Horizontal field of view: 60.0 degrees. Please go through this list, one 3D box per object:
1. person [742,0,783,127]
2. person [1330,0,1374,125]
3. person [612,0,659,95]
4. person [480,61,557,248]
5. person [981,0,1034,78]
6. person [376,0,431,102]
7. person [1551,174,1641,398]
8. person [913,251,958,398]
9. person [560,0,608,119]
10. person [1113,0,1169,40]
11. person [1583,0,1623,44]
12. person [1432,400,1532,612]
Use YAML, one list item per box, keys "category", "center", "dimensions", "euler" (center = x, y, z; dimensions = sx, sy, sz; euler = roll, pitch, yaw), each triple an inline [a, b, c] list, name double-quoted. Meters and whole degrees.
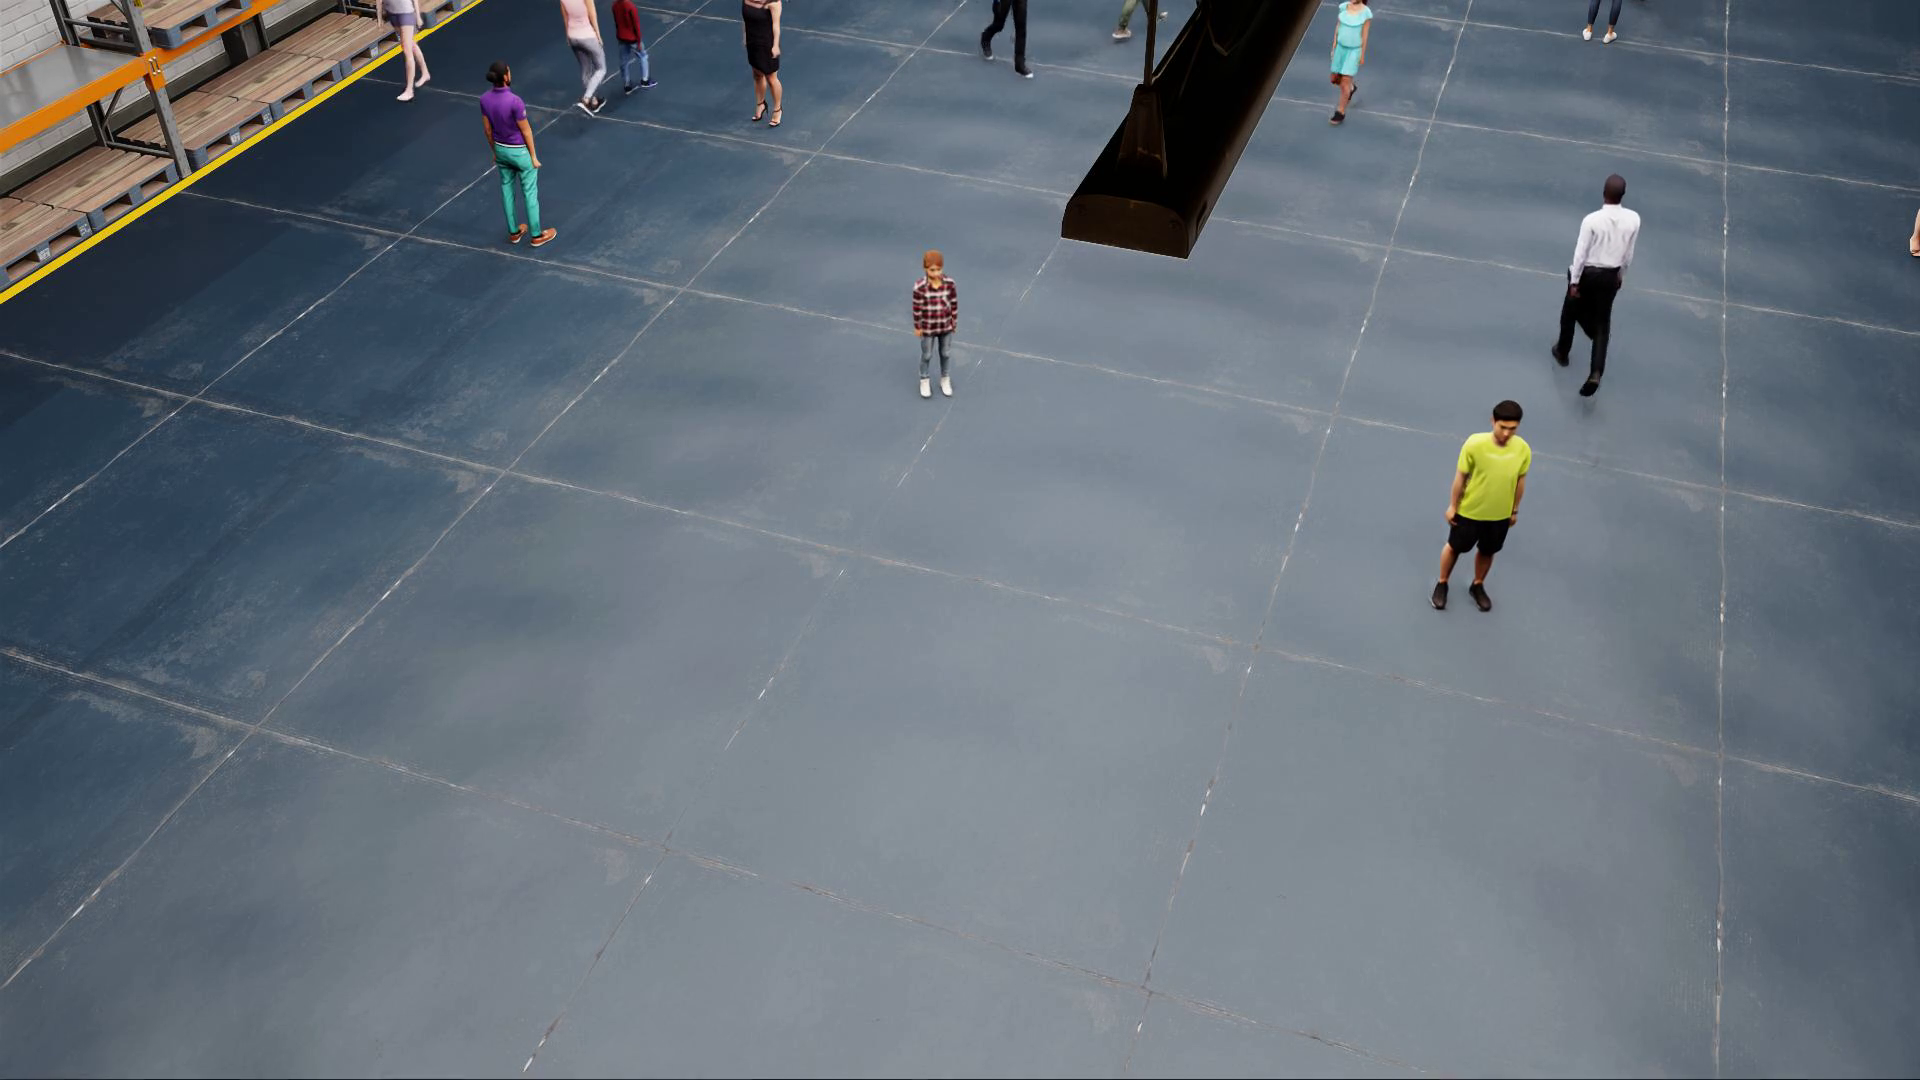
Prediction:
- category: "person"
  center: [-2.067, -5.197, 17.468]
  dimensions: [0.723, 1.718, 0.707]
  euler: [26, 46, 29]
- category: "person"
  center: [4.154, -5.199, 17.606]
  dimensions: [0.721, 1.548, 0.862]
  euler: [30, 47, 32]
- category: "person"
  center: [-3.663, -5.490, 18.214]
  dimensions: [0.569, 1.244, 0.664]
  euler: [19, 43, 23]
- category: "person"
  center: [-4.136, -3.572, 15.394]
  dimensions: [0.623, 1.766, 0.542]
  euler: [12, 40, 14]
- category: "person"
  center: [0.509, -6.110, 18.572]
  dimensions: [1.155, 1.767, 1.135]
  euler: [-21, 43, -25]
- category: "person"
  center: [-6.046, -5.771, 18.173]
  dimensions: [0.591, 1.735, 0.962]
  euler: [15, 41, 18]
- category: "person"
  center: [5.156, -2.026, 13.430]
  dimensions: [0.857, 1.802, 1.262]
  euler: [3, 39, 4]
- category: "person"
  center: [-0.197, -1.772, 13.510]
  dimensions: [0.605, 1.305, 0.641]
  euler: [-8, 39, -10]
- category: "person"
  center: [-4.006, -5.279, 17.572]
  dimensions: [0.550, 1.716, 0.835]
  euler: [13, 40, 15]
- category: "person"
  center: [2.065, -6.628, 19.346]
  dimensions: [1.206, 1.610, 0.971]
  euler: [-28, 46, -30]
- category: "person"
  center: [7.584, -6.676, 19.247]
  dimensions: [0.610, 1.809, 0.524]
  euler: [17, 42, 20]
- category: "person"
  center: [3.550, -0.246, 11.277]
  dimensions: [0.680, 1.706, 0.615]
  euler: [3, 39, 3]

·····

▶ What you have to do: Print exactly the lines of the listing above starting at the line containing "2. person [1330,0,1374,125]" and ending at the line containing "Use YAML, one", both included.

▶ Solved exercise:
2. person [1330,0,1374,125]
3. person [612,0,659,95]
4. person [480,61,557,248]
5. person [981,0,1034,78]
6. person [376,0,431,102]
7. person [1551,174,1641,398]
8. person [913,251,958,398]
9. person [560,0,608,119]
10. person [1113,0,1169,40]
11. person [1583,0,1623,44]
12. person [1432,400,1532,612]
Use YAML, one list item per box, keys "category", "center", "dimensions", "euler" (center = x, y, z; dimensions = sx, sy, sz; euler = roll, pitch, yaw), each triple an inline [a, b, c] list, name double-quoted. Meters and whole degrees.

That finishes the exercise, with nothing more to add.